Gwen dan pacarnya keluar dari kamar dan menggunakan lift untuk turun ke tempat parkir. Catherine masih terlalu kaget untuk bereaksi.
Pertama, pakaian dalam hitam di keranjang cucian, sekarang sepasang selebriti yang tidur di kamar Marco.
Catherine menggelengkan kepalanya, mencoba menyesuaikan diri dengan kehidupan barunya sebagai pelayan,
"Bagaimana aku bisa memberikan lingkungan yang baik untuk Amanda seperti ini? Aku perlu bicara dengan Marco. Mungkin dia akan mengizinkanku tinggal di suatu tempat dengan gajiku. "
gumam Catherine.
"Ah, ngomong-ngomong soal gaji…."
Catherine tidak yakin bagaimana membicarakan gaji dengan Marco. Tapi dia harus membayar uang sekolah semester Amanda karena Marcell menolak mengatakannya. Dia benar-benar benci melakukan konseling pernikahan dengan Marcell, tahu dia bisa melakukan beberapa hal untuk melakukan itu.
Karena itu, dia membutuhkan gajinya untuk dibayarkan.
"Aku perlu berbicara dengannya tentang itu juga…."
**
Catherine menyibukkan diri dengan membersihkan tempat tidur dan mencuci sisa cucian kotor. Setelah pembersihan selesai, dia menyiapkan bahan untuk memasak makan malam.
Dia tidak tahu apa yang disukai Marco, tapi dia ingat ketika Marco masih remaja, dia sering memasak di dapur keluarga Sebastian untuk Marcell. Marco kecil akan meminta beberapa hal yang dia suka, seperti sup jagung, pasta, dan banyak hal yang tidak bisa dimasak karena ahli gizi mereka.

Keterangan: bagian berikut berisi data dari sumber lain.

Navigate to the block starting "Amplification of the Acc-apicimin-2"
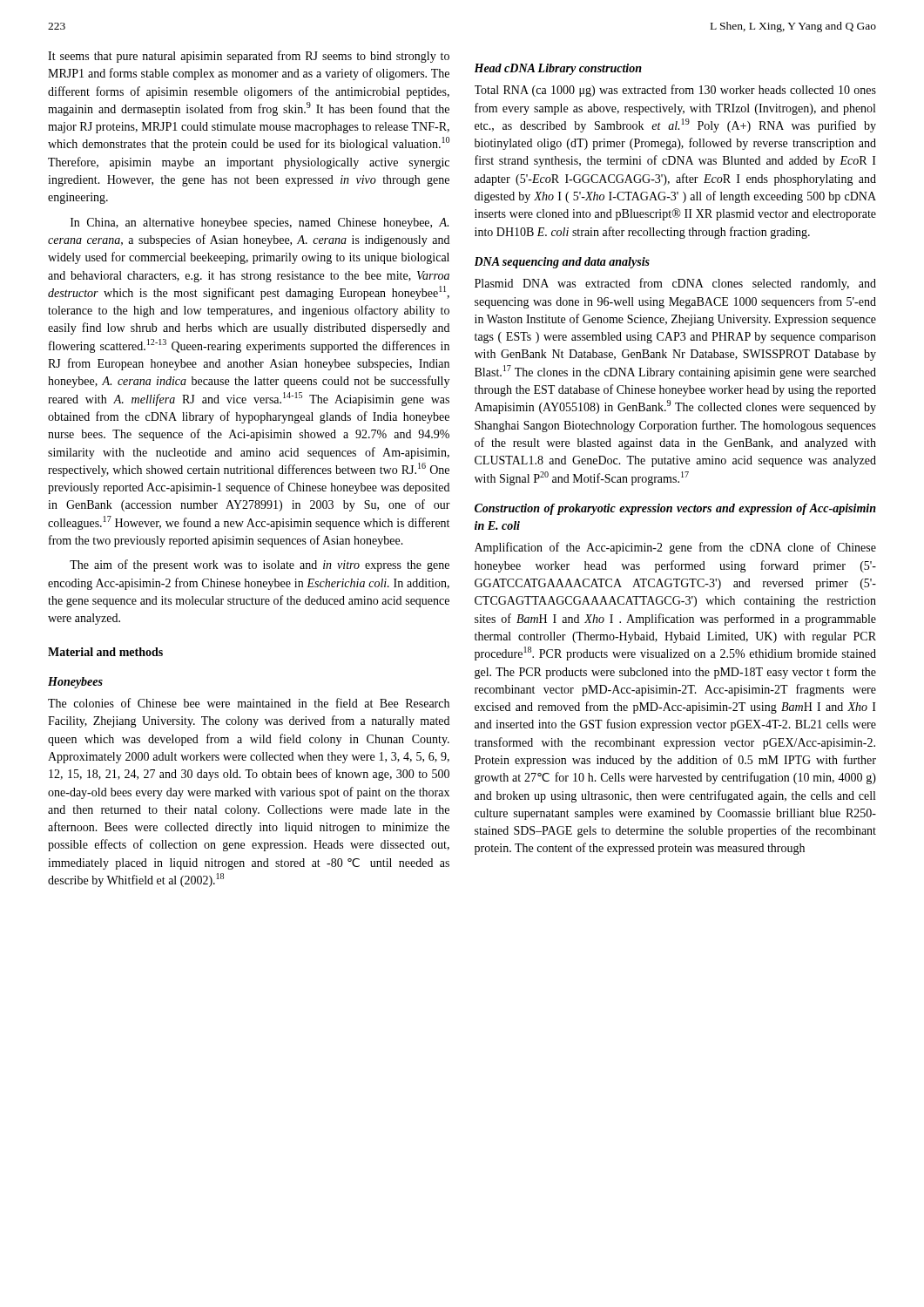The image size is (924, 1307). click(x=675, y=699)
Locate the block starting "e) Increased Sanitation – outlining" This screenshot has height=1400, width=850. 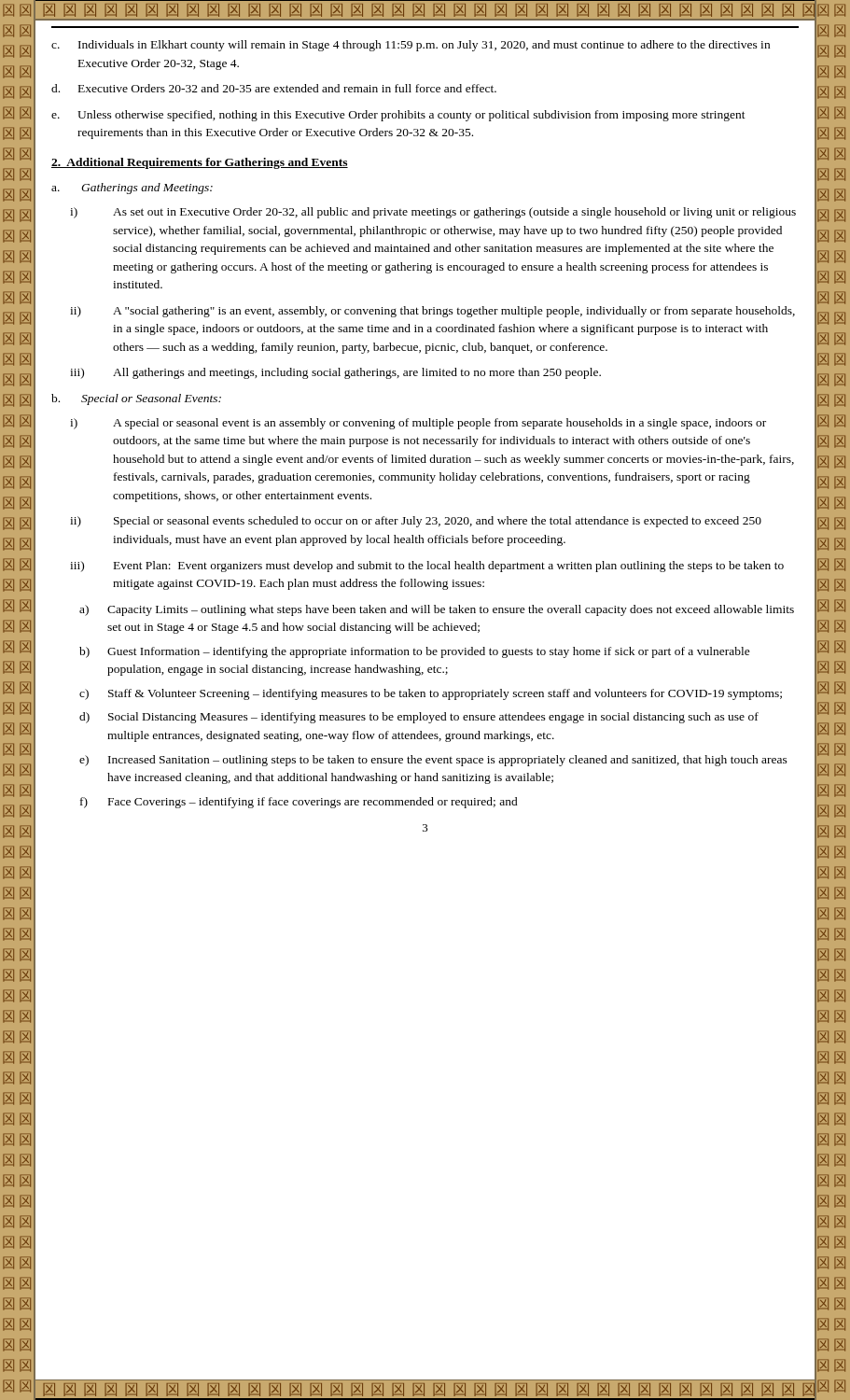pos(439,768)
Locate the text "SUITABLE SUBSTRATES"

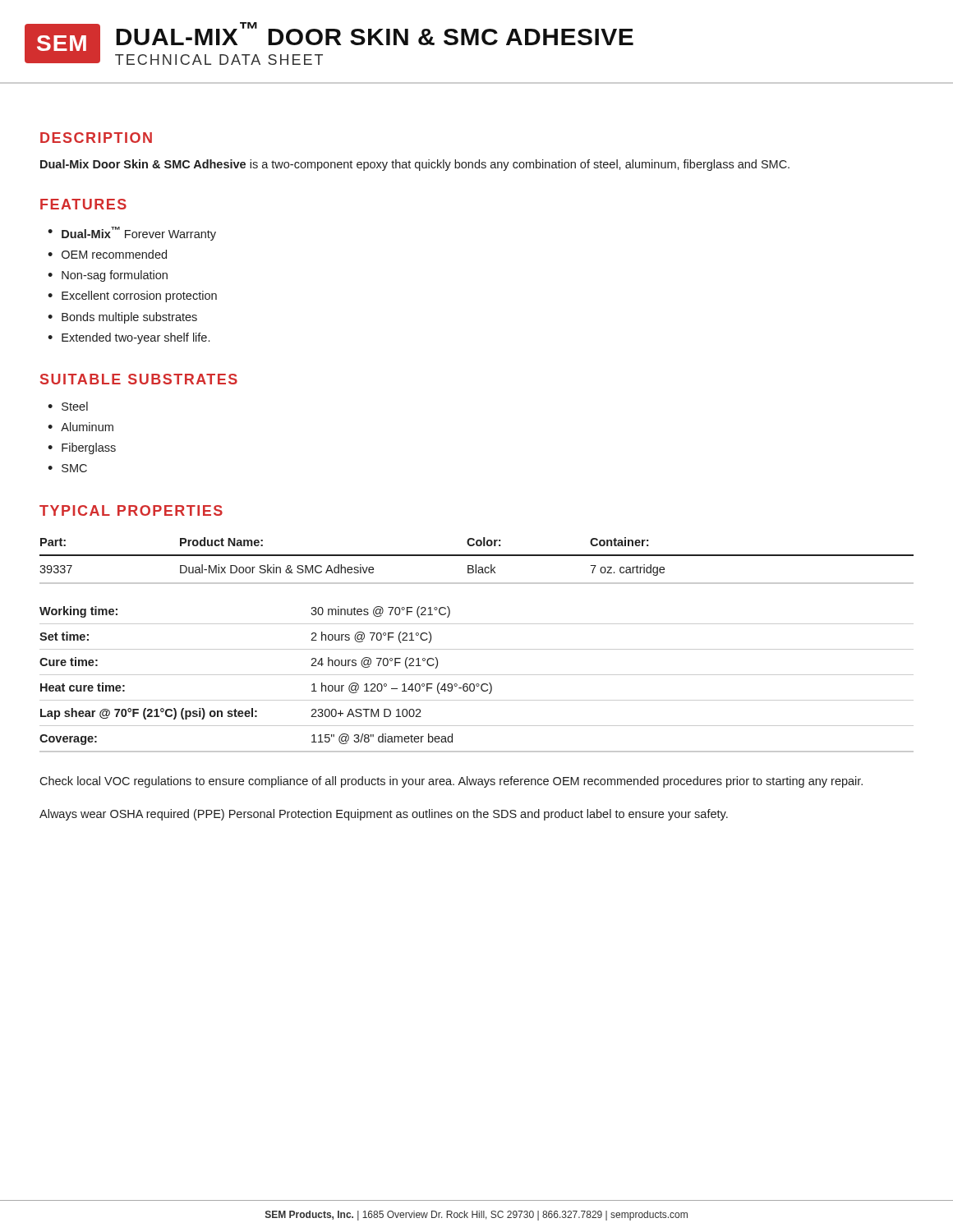tap(139, 379)

Setelah Catherine memasak semuanya, dia memeriksa waktunya, dan sudah waktunya dia menjemput Amanda dari sekolahnya.
Dia menyelesaikan semuanya dan memasukkan masakannya ke dalam lemari es, sehingga dia bisa memanaskannya lagi besok.
Catherine keluar untuk menjemput Amanda, dan ketika dia tiba di depan sekolah, dia melihat putri dengan mata merah dan bengkak. Rambutnya berantakan, dan dia juga memiliki goresan di lengannya.

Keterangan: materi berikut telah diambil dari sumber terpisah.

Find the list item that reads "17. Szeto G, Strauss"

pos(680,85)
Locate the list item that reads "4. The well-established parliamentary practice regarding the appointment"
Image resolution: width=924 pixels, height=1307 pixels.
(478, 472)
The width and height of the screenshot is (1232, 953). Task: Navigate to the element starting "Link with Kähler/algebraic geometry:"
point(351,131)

"Amanda!" Catherine membuka pintu mobil dan bergegas ke putrinya. Amanda menoleh ke arah ibunya, dan dia menggigit bibirnya tetapi tidak mengatakan apa-apa saat Catherine memeluknya.
"Ya Tuhan, apa yang terjadi ?!"
"Tidak apa-apa, Ma."
"Amanda, kamu harus memberitahuku! Apakah seseorang melukaimu? Aku akan berbicara dengan wali kelasmu—"

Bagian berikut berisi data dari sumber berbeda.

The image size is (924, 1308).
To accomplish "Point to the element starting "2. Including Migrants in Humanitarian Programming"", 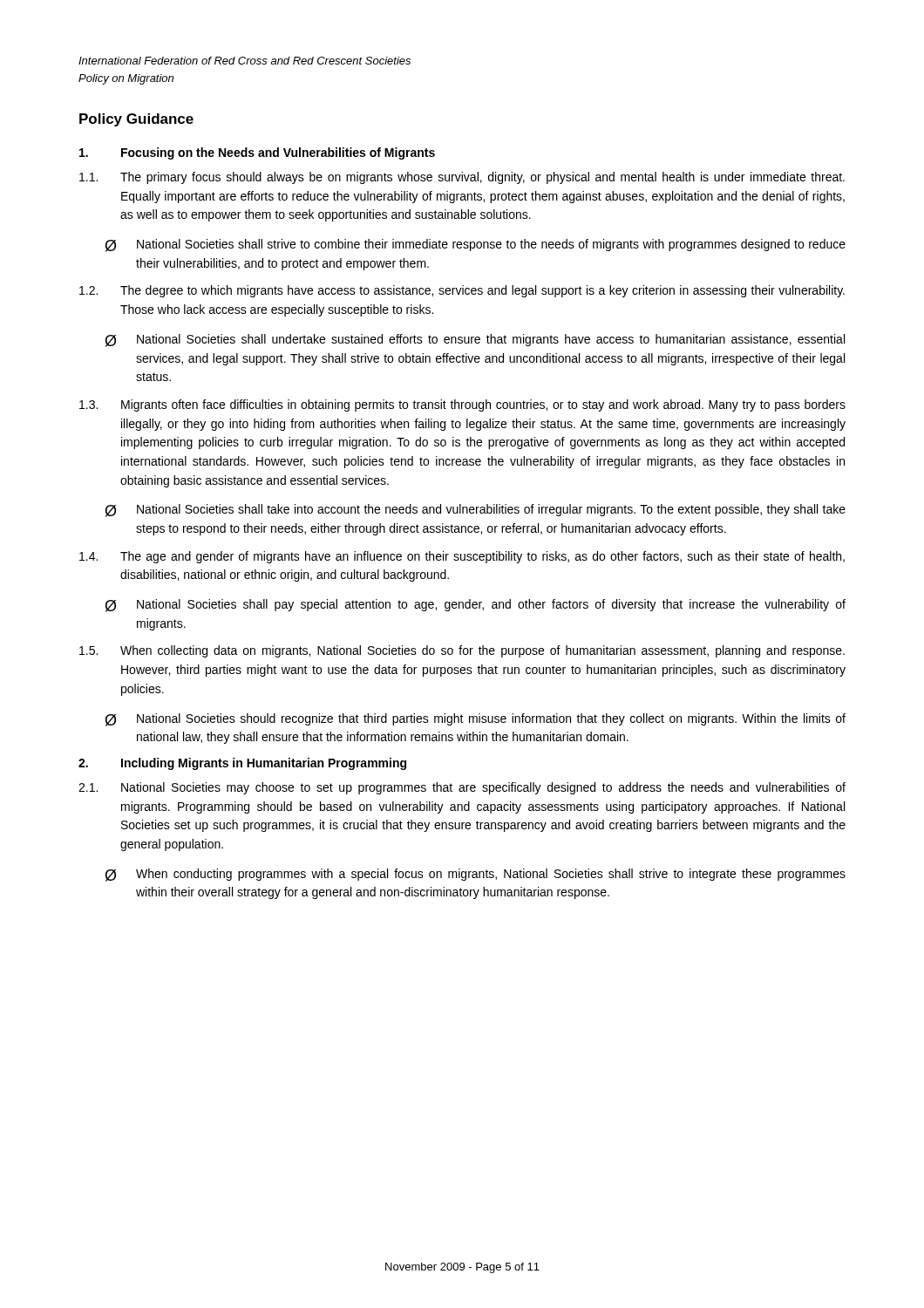I will pyautogui.click(x=243, y=763).
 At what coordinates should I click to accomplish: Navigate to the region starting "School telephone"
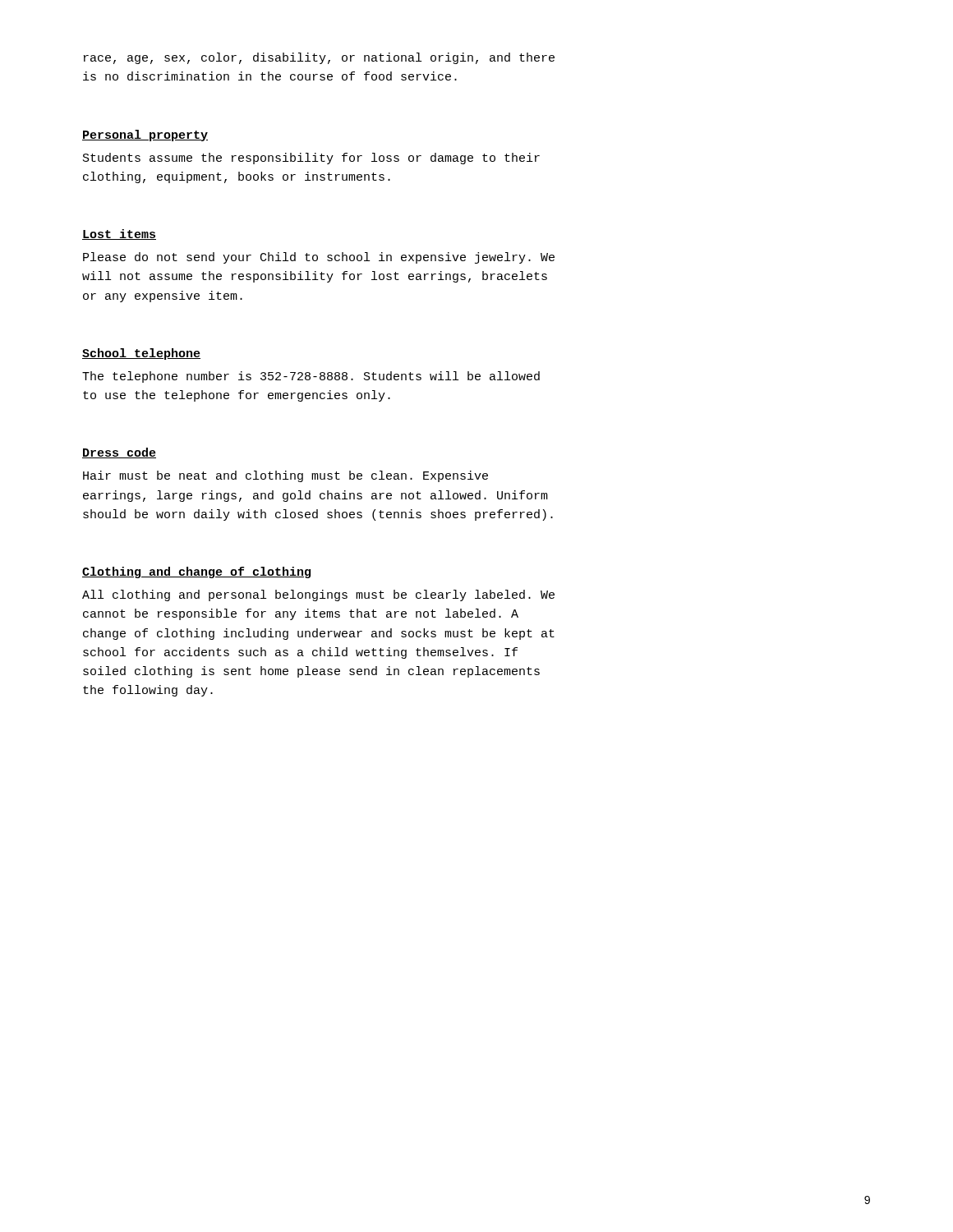click(x=141, y=354)

"Mommy… Amanda ingin pulang. Ayo pergi…."
…Catherine menjemputnya dan membawa putrinya ke mobil. Dia meletakkannya di kursi dan mengikat sabuk pengaman sebelum pergi.
Mereka terdiam beberapa saat sampai Catherine tidak tahan lagi, "Apa yang terjadi, Amanda? Kamu harus memberitahu Mommy."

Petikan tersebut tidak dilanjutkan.